Gets or inserts an item in the cache with key key.

pub fn entry<Q, T>( &self, key: &Q, timeout: Option<Duration>, on_occupied: impl FnOnce(&Key, &mut Val) -> EntryAction<T>, ) -> EntryResult<'_, Key, Val, We, B, L, T>

where Q: Hash + Equivalent<Key> + ToOwned<Owned = Key> + ?Sized,

Atomically accesses an existing entry, or gets a guard for insertion.

If a value exists for key, on_occupied is called with a mutable reference to the key and value. The callback returns an EntryAction to decide what to do:

• EntryAction::Retain(T) — keep the entry, return T. Weight is recalculated after the callback returns.
• EntryAction::Remove — remove the entry from the cache.
• EntryAction::ReplaceWithGuard — remove the entry and get a guard for re-insertion.

If no value exists, a PlaceholderGuard is returned for inserting a new value. If another thread is already loading this key, waits up to timeout for the value to arrive, then calls on_occupied on the result.

A None timeout means waiting forever. A Some(<zero>) timeout will return a Timeout immediately if a guard is alive elsewhere.

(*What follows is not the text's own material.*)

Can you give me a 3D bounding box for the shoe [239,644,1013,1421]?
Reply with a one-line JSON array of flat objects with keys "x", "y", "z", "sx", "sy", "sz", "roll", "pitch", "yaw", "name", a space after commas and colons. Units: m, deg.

The callback is FnOnce and runs at most once.

Performance

Always acquires a write lock on the shard. For read-only lookups where contention matters, prefer get, get_value_or_guard or similar.

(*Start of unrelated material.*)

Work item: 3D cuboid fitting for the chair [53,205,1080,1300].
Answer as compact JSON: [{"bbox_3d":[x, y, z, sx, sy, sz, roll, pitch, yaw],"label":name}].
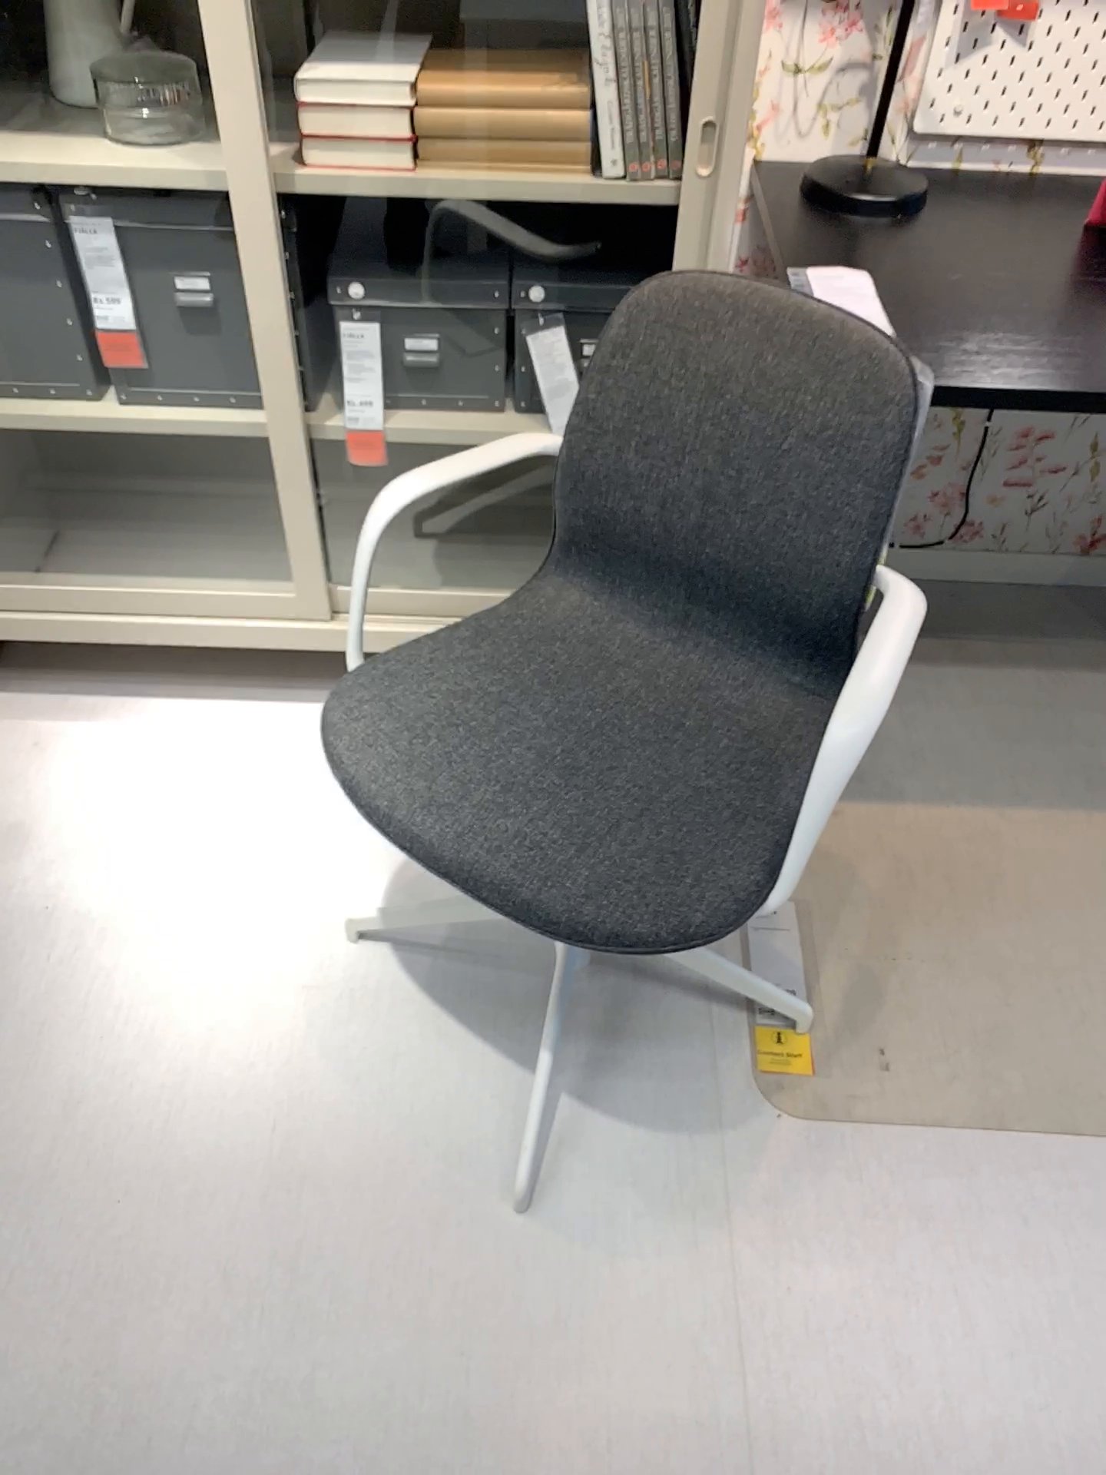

The callback runs under the shard write lock — keep it short to avoid blocking other operations on the same shard. Do not call back into the cache from the callback, as this will deadlock when the same shard is accessed.

Panics

If the callback panics, weight accounting is automatically corrected. However, any partial mutation to the value will remain.

Examples

use quick_cache::sync::{Cache, EntryAction, EntryResult};

let cache: Cache<String, u64> = Cache::new(5);
cache.insert("counter".to_string(), 0);

// Mutate in place: increment a counter
let result = cache.entry("counter", None, |_k, v| {
    *v += 1;
    EntryAction::Retain(*v)
});
assert!(matches!(result, EntryResult::Retained(1)));
assert_eq!(cache.get("counter"), Some(1));

pub async fn entry_async<'a, Q, T>( &'a self, key: &Q, on_occupied: impl FnOnce(&Key, &mut Val) -> EntryAction<T>, ) -> EntryResult<'a, Key, Val, We, B, L, T>

where Q: Hash + Equivalent<Key> + ToOwned<Owned = Key> + ?Sized,

Async version of Self::entry.

Atomically accesses an existing entry, or gets a guard for insertion. If another task is already loading this key, waits asynchronously for the value.

See entry for full documentation.

pub fn memory_used(&self) -> MemoryUsed

Get total memory used by cache data structures

It should be noted that if cache key or value is some type like Vec<T>, the memory allocated in the heap will not be counted.

Trait Implementations

impl<Key, Val, We, B, L> Debug for Cache<Key, Val, We, B, L>

fn fmt(&self, f: &mut Formatter<'_>) -> Result

Formats the value using the given formatter.